Beyond his military leadership, Valencia Orduña also played an instrumental role in the political and infrastructural development of the area. In 1935, as a local deputy in the Guanajuato State Legislature, Valencia Orduña secured the construction of essential infrastructure, such as the "Melchor Ortega" dam and the "General Lázaro Cárdenas" primary school. His most significant achievement came in 1949, when he led a successful movement to elevate Charcas to municipal status, officially naming it Doctor Mora in honor of the liberal politician José María Luis Mora. Under his leadership, the municipality saw the introduction of electricity in 1951 and the development of a water extraction system in the late 1950s. Valencia Orduña also facilitated the construction of a crucial road connecting Doctor Mora to the main highway, enhancing accessibility and fostering growth. He ran a local store which became a cornerstone of the town’s social and economic life, and died in 1985.

== Culture ==
Doctor Mora hosts two notable cultural events that are celebrated annually.
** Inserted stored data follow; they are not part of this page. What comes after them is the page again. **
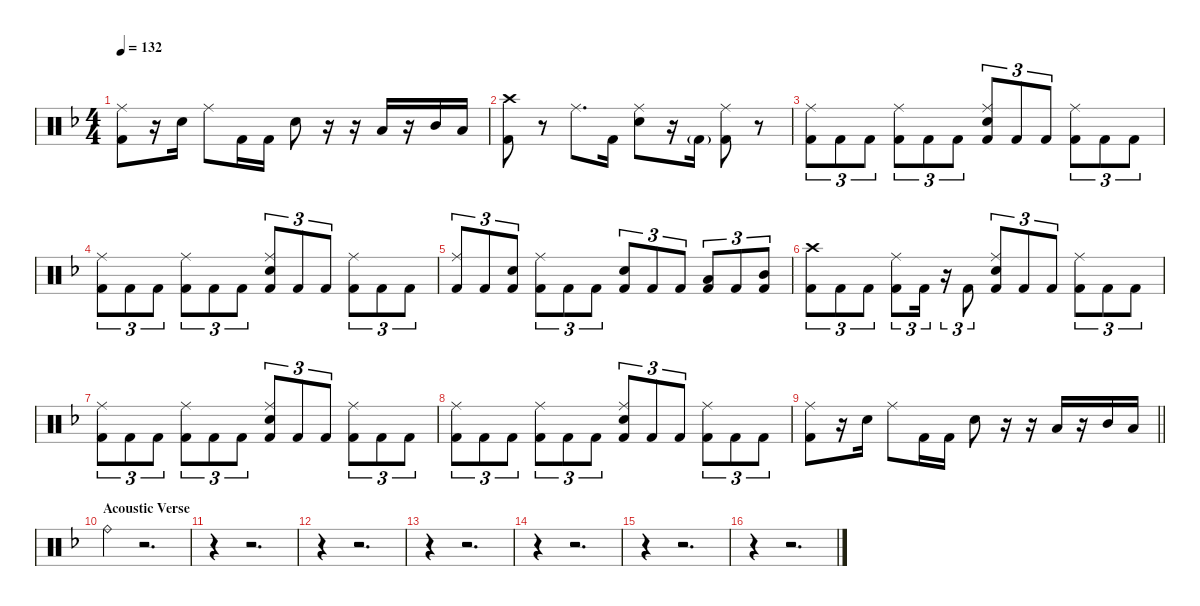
\defaultSystemsLayout 4
\hideDynamics
\bracketExtendMode nobrackets
\singleTrackTrackNamePolicy hidden
\multiTrackTrackNamePolicy hidden
\firstSystemTrackNameMode fullname
\firstSystemTrackNameOrientation horizontal
\otherSystemsTrackNameOrientation horizontal
\track ("Drums" "drm.") {instrument percussion}
\staff {score}
\articulation defaults
\ts (4 4)
\tempo 132
\clef neutral
\ks dminor
("Ride (middle)"{acc forcenatural} "Kick (hit) 2"{acc forcenatural}).8{dy f beam Down} r.16{beam Down} "Snare (hit) 2"{acc forcenatural}.16{beam Down} "Ride (middle)"{acc forcenatural}.8{beam Down} "Kick (hit) 2"{acc forcenatural}.16{beam Down} "Kick (hit) 2"{acc forcenatural}.16{beam Down} "Snare (hit) 2"{acc forcenatural}.8{beam Down} r.16{beam Down} r.16{beam Down} "Low Tom (hit)"{acc forcenatural}.16{beam Up} r.16{beam Up} "Mid Tom (hit)"{acc forcenatural}.16{beam Up} "Low Tom (hit)"{acc forcenatural}.16{beam Up} |
("Crash high (hit)"{acc forcenatural} "Kick (hit) 2"{acc forcenatural}).8{beam Down} r.8{beam Down} "Ride (middle)"{acc forcenatural}.8{d beam Down} "Kick (hit) 2"{acc forcenatural}.16{beam Down} ("Ride (middle)"{acc forcenatural} "Snare (hit) 2"{acc forcenatural}).8{beam Down} r.16{beam Down} "Kick (hit) 2"{g acc forcenatural}.16{dy mf beam Down} ("Ride (middle)"{acc forcenatural} "Kick (hit) 2"{acc forcenatural}).8{dy f beam Down} r.8{beam Down} |
("Ride (middle)"{acc forcenatural} "Kick (hit) 2"{acc forcenatural}).8{tu (3 2) beam Down} "Kick (hit) 2"{acc forcenatural}.8{tu (3 2) beam Down} "Kick (hit) 2"{acc forcenatural}.8{tu (3 2) beam Down} ("Ride (middle)"{acc forcenatural} "Kick (hit) 2"{acc forcenatural}).8{tu (3 2) beam Down} "Kick (hit) 2"{acc forcenatural}.8{tu (3 2) beam Down} "Kick (hit) 2"{acc forcenatural}.8{tu (3 2) beam Down} ("Ride (middle)"{acc forcenatural} "Snare (hit) 2"{acc forcenatural} "Kick (hit) 2"{acc forcenatural}).8{tu (3 2) beam Up} "Kick (hit) 2"{acc forcenatural}.8{tu (3 2) beam Up} "Kick (hit) 2"{acc forcenatural}.8{tu (3 2) beam Up} ("Ride (middle)"{acc forcenatural} "Kick (hit) 2"{acc forcenatural}).8{tu (3 2) beam Down} "Kick (hit) 2"{acc forcenatural}.8{tu (3 2) beam Down} "Kick (hit) 2"{acc forcenatural}.8{tu (3 2) beam Down} |
("Ride (middle)"{acc forcenatural} "Kick (hit) 2"{acc forcenatural}).8{tu (3 2) beam Down} "Kick (hit) 2"{acc forcenatural}.8{tu (3 2) beam Down} "Kick (hit) 2"{acc forcenatural}.8{tu (3 2) beam Down} ("Ride (middle)"{acc forcenatural} "Kick (hit) 2"{acc forcenatural}).8{tu (3 2) beam Down} "Kick (hit) 2"{acc forcenatural}.8{tu (3 2) beam Down} "Kick (hit) 2"{acc forcenatural}.8{tu (3 2) beam Down} ("Ride (middle)"{acc forcenatural} "Snare (hit) 2"{acc forcenatural} "Kick (hit) 2"{acc forcenatural}).8{tu (3 2) beam Up} "Kick (hit) 2"{acc forcenatural}.8{tu (3 2) beam Up} "Kick (hit) 2"{acc forcenatural}.8{tu (3 2) beam Up} ("Ride (middle)"{acc forcenatural} "Kick (hit) 2"{acc forcenatural}).8{tu (3 2) beam Down} "Kick (hit) 2"{acc forcenatural}.8{tu (3 2) beam Down} "Kick (hit) 2"{acc forcenatural}.8{tu (3 2) beam Down} |
("Ride (middle)"{acc forcenatural} "Kick (hit) 2"{acc forcenatural}).8{tu (3 2) beam Up} "Kick (hit) 2"{acc forcenatural}.8{tu (3 2) beam Up} ("Snare (hit) 2"{acc forcenatural} "Kick (hit) 2"{acc forcenatural}).8{tu (3 2) beam Up} ("Ride (middle)"{acc forcenatural} "Kick (hit) 2"{acc forcenatural}).8{tu (3 2) beam Down} "Kick (hit) 2"{acc forcenatural}.8{tu (3 2) beam Down} "Kick (hit) 2"{acc forcenatural}.8{tu (3 2) beam Down} ("Snare (hit) 2"{acc forcenatural} "Kick (hit) 2"{acc forcenatural}).8{tu (3 2) beam Up} "Kick (hit) 2"{acc forcenatural}.8{tu (3 2) beam Up} "Kick (hit) 2"{acc forcenatural}.8{tu (3 2) beam Up} ("Low Tom (hit)"{acc forcenatural} "Kick (hit) 2"{acc forcenatural}).8{tu (3 2) beam Up} "Kick (hit) 2"{acc forcenatural}.8{tu (3 2) beam Up} ("Mid Tom (hit)"{acc forcenatural} "Kick (hit) 2"{acc forcenatural}).8{tu (3 2) beam Up} |
("Crash high (hit)"{acc forcenatural} "Kick (hit) 2"{acc forcenatural}).8{tu (3 2) beam Down} "Kick (hit) 2"{acc forcenatural}.8{tu (3 2) beam Down} "Kick (hit) 2"{acc forcenatural}.8{tu (3 2) beam Down} ("Ride (middle)"{acc forcenatural} "Kick (hit) 2"{acc forcenatural}).8{tu (3 2) beam Down} "Kick (hit) 2"{acc forcenatural}.16{tu (3 2) beam Down} r.16{tu (3 2) beam Down} "Kick (hit) 2"{acc forcenatural}.8{tu (3 2) beam Up} ("Ride (middle)"{acc forcenatural} "Snare (hit) 2"{acc forcenatural} "Kick (hit) 2"{acc forcenatural}).8{tu (3 2) beam Up} "Kick (hit) 2"{acc forcenatural}.8{tu (3 2) beam Up} "Kick (hit) 2"{acc forcenatural}.8{tu (3 2) beam Up} ("Ride (middle)"{acc forcenatural} "Kick (hit) 2"{acc forcenatural}).8{tu (3 2) beam Down} "Kick (hit) 2"{acc forcenatural}.8{tu (3 2) beam Down} "Kick (hit) 2"{acc forcenatural}.8{tu (3 2) beam Down} |
("Ride (middle)"{acc forcenatural} "Kick (hit) 2"{acc forcenatural}).8{tu (3 2) beam Down} "Kick (hit) 2"{acc forcenatural}.8{tu (3 2) beam Down} "Kick (hit) 2"{acc forcenatural}.8{tu (3 2) beam Down} ("Ride (middle)"{acc forcenatural} "Kick (hit) 2"{acc forcenatural}).8{tu (3 2) beam Down} "Kick (hit) 2"{acc forcenatural}.8{tu (3 2) beam Down} "Kick (hit) 2"{acc forcenatural}.8{tu (3 2) beam Down} ("Ride (middle)"{acc forcenatural} "Snare (hit) 2"{acc forcenatural} "Kick (hit) 2"{acc forcenatural}).8{tu (3 2) beam Up} "Kick (hit) 2"{acc forcenatural}.8{tu (3 2) beam Up} "Kick (hit) 2"{acc forcenatural}.8{tu (3 2) beam Up} ("Ride (middle)"{acc forcenatural} "Kick (hit) 2"{acc forcenatural}).8{tu (3 2) beam Down} "Kick (hit) 2"{acc forcenatural}.8{tu (3 2) beam Down} "Kick (hit) 2"{acc forcenatural}.8{tu (3 2) beam Down} |
("Ride (middle)"{acc forcenatural} "Kick (hit) 2"{acc forcenatural}).8{tu (3 2) beam Down} "Kick (hit) 2"{acc forcenatural}.8{tu (3 2) beam Down} "Kick (hit) 2"{acc forcenatural}.8{tu (3 2) beam Down} ("Ride (middle)"{acc forcenatural} "Kick (hit) 2"{acc forcenatural}).8{tu (3 2) beam Down} "Kick (hit) 2"{acc forcenatural}.8{tu (3 2) beam Down} "Kick (hit) 2"{acc forcenatural}.8{tu (3 2) beam Down} ("Ride (middle)"{acc forcenatural} "Snare (hit) 2"{acc forcenatural} "Kick (hit) 2"{acc forcenatural}).8{tu (3 2) beam Up} "Kick (hit) 2"{acc forcenatural}.8{tu (3 2) beam Up} "Kick (hit) 2"{acc forcenatural}.8{tu (3 2) beam Up} ("Ride (middle)"{acc forcenatural} "Kick (hit) 2"{acc forcenatural}).8{tu (3 2) beam Down} "Kick (hit) 2"{acc forcenatural}.8{tu (3 2) beam Down} "Kick (hit) 2"{acc forcenatural}.8{tu (3 2) beam Down} |
\barLineRight lightlight
("Ride (middle)"{acc forcenatural} "Kick (hit) 2"{acc forcenatural}).8{beam Down} r.16{beam Down} "Snare (hit) 2"{acc forcenatural}.16{beam Down} "Ride (middle)"{acc forcenatural}.8{beam Down} "Kick (hit) 2"{acc forcenatural}.16{beam Down} "Kick (hit) 2"{acc forcenatural}.16{beam Down} "Snare (hit) 2"{acc forcenatural}.8{beam Down} r.16{beam Down} r.16{beam Down} "Low Tom (hit)"{acc forcenatural}.16{beam Up} r.16{beam Up} "Mid Tom (hit)"{acc forcenatural}.16{beam Up} "Low Tom (hit)"{acc forcenatural}.16{beam Up} |
\section ("" "Acoustic Verse")
"Ride (bell)"{acc forcenatural}.4{beam Down} r.2{d beam Down} |
r.4{beam Down} r.2{d beam Down} |
r.4{beam Down} r.2{d beam Down} |
r.4{beam Down} r.2{d beam Down} |
r.4{beam Down} r.2{d beam Down} |
r.4{beam Down} r.2{d beam Down} |
r.4{beam Down} r.2{d beam Down}

One of the most prominent is the Feria del Pulque y las Carnitas, a week-long festival held each August to celebrate two of the town's main culinary staples: pulque, a fermented agave beverage, and carnitas, slow-cooked pork. This festival, which began in the early 2010s, aims to promote local food culture and attract visitors from surrounding regions. The event has grown in popularity over the years and now draws tourists from neighboring states.

The other major cultural event in Doctor Mora is the Día de los Muertos parade, which takes place each year in November as part of Mexico's rich Day of the Dead traditions. This event, which began in the mid-2010s, was conceived by local high school teachers Edgar Javier Resendiz Jacobo, Walter Milan, and Ahida Mata.

== Economy ==
The economy of Doctor Mora is mainly based on agriculture and the economy, these being some of the town's largest sources of income, in addition to local commerce such as food, clothing, and other establishments.

Another significant portion of Doctor Mora's economy, like in other rural communities in Mexico, is based on migration and something called remittances, which is the money sent primarily from the United States to the town.